-------- Data for the task
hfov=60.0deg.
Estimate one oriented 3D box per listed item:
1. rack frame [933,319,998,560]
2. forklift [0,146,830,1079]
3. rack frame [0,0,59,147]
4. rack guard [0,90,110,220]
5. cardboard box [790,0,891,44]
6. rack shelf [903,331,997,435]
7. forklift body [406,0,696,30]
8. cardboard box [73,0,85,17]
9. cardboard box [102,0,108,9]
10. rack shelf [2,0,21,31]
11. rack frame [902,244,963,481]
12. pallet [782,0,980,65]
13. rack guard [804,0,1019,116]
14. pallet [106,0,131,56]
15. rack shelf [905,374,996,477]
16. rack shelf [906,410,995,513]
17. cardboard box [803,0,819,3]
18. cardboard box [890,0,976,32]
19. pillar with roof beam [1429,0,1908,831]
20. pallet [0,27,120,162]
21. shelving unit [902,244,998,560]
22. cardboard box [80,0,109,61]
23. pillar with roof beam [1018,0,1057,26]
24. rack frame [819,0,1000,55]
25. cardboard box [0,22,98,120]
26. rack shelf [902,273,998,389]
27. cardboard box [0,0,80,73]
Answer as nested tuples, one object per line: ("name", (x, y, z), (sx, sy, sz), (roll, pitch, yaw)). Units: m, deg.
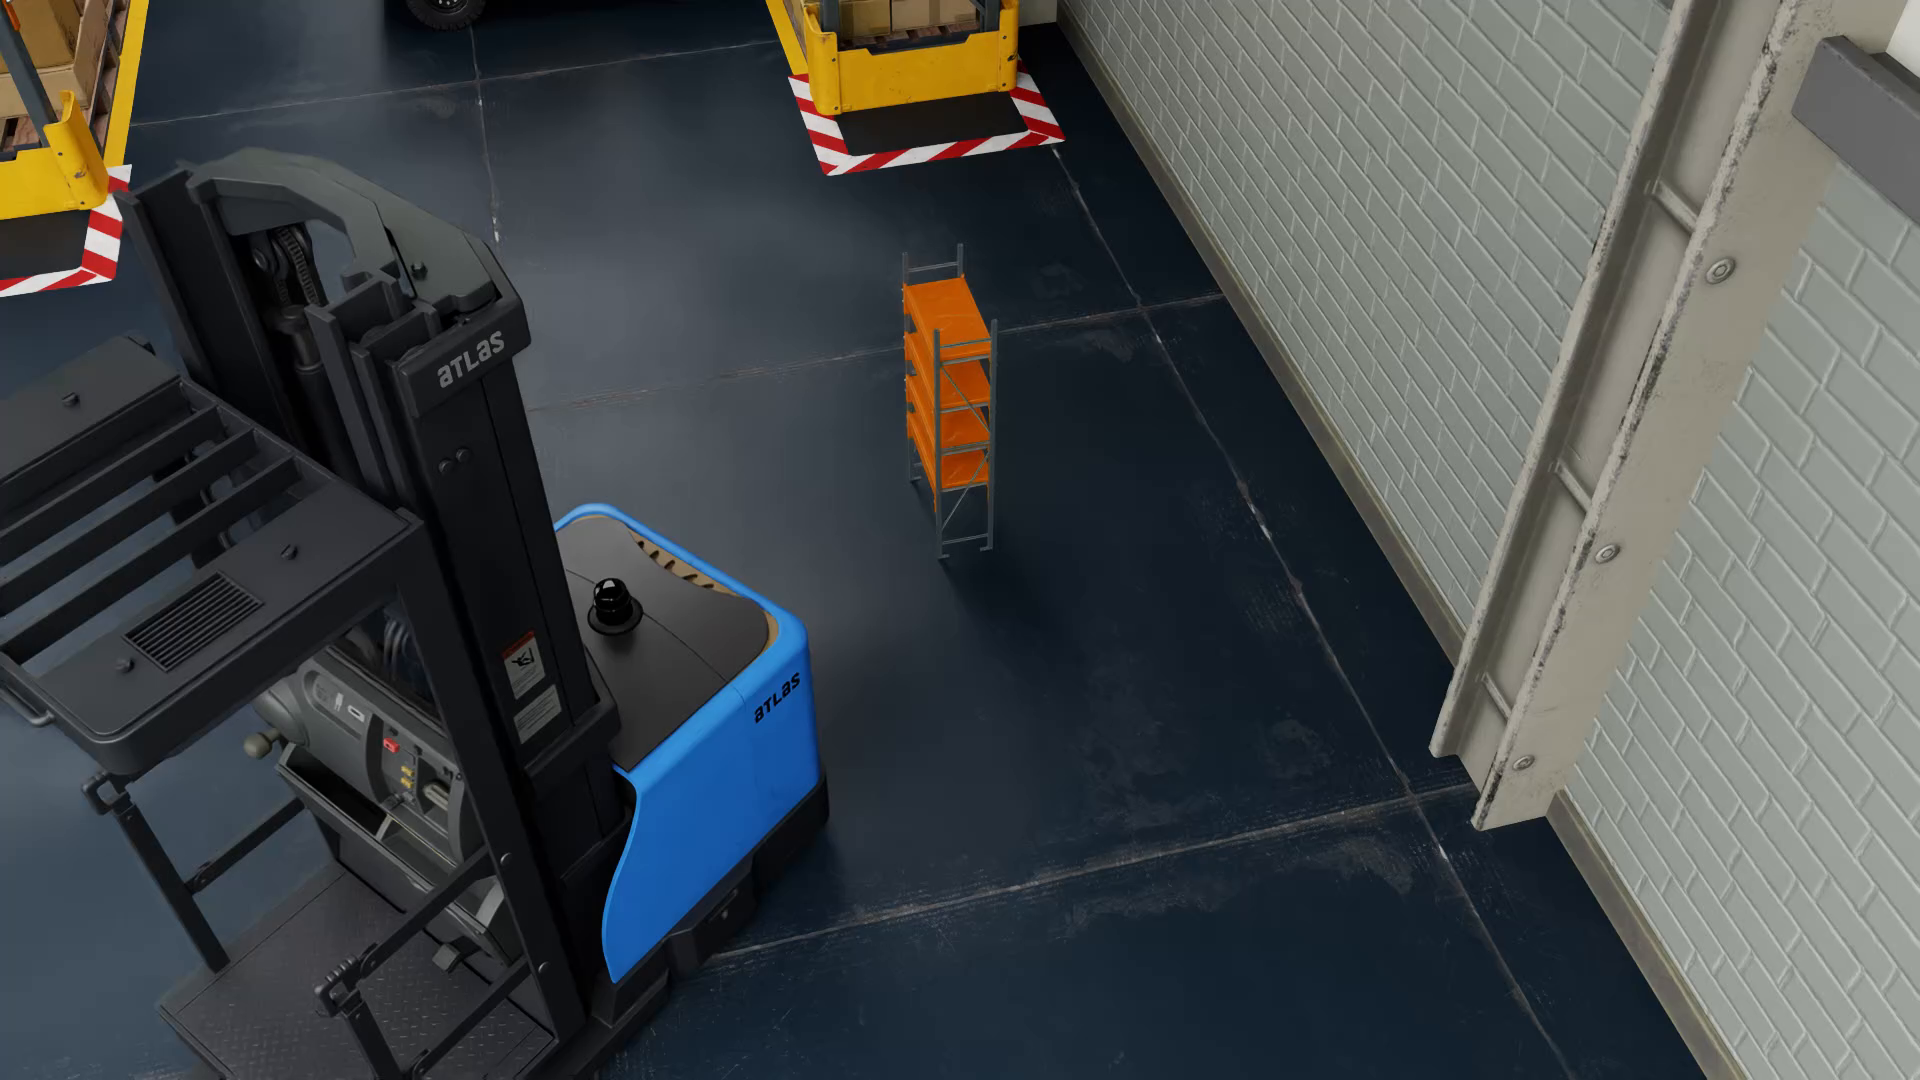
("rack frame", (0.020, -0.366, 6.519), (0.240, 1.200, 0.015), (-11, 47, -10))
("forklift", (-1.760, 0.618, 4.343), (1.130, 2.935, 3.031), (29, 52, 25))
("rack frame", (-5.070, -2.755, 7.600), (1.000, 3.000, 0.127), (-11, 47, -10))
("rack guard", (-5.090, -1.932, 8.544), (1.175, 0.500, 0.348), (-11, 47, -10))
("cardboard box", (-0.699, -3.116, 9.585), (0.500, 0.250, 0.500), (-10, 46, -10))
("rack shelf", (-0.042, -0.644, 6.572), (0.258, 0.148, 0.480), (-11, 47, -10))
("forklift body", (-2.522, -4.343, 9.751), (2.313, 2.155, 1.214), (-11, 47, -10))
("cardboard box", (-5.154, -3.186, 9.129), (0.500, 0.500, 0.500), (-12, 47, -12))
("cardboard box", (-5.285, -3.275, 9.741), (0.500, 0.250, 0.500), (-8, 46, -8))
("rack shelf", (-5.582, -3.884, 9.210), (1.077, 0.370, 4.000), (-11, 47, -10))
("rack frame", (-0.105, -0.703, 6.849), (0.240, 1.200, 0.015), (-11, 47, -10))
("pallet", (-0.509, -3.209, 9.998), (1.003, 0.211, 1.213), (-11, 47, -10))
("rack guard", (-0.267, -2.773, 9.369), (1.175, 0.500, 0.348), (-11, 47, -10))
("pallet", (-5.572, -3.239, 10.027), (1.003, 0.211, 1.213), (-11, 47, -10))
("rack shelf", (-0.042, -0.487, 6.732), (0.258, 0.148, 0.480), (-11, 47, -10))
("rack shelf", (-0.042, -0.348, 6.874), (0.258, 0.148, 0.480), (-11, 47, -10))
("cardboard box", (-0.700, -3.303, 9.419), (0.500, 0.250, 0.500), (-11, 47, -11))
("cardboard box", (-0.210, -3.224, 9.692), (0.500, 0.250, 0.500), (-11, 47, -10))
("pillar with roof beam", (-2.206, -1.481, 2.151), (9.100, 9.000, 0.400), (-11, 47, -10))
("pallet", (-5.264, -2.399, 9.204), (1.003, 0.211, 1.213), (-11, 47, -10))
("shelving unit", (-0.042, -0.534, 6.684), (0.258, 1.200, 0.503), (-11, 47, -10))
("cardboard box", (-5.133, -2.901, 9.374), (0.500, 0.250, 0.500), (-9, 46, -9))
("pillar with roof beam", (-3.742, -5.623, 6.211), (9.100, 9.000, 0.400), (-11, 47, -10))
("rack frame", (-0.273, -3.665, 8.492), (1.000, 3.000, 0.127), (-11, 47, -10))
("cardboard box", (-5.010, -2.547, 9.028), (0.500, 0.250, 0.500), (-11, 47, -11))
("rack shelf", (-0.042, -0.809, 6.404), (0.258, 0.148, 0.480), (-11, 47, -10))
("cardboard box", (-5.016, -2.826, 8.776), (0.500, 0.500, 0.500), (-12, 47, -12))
----------------
-------- Data for the task
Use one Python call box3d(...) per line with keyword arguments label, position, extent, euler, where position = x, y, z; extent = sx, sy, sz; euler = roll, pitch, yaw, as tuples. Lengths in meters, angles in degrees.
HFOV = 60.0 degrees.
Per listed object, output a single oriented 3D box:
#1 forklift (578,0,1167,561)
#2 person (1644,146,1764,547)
----------------
What the exercise asks – Repeat word for word the lines above that run from the line containing "9. cardboard box [102,0,108,9]" through the line containing "19. pillar with roof beam [1429,0,1908,831]", both ends included, and nothing else.

Answer section –
9. cardboard box [102,0,108,9]
10. rack shelf [2,0,21,31]
11. rack frame [902,244,963,481]
12. pallet [782,0,980,65]
13. rack guard [804,0,1019,116]
14. pallet [106,0,131,56]
15. rack shelf [905,374,996,477]
16. rack shelf [906,410,995,513]
17. cardboard box [803,0,819,3]
18. cardboard box [890,0,976,32]
19. pillar with roof beam [1429,0,1908,831]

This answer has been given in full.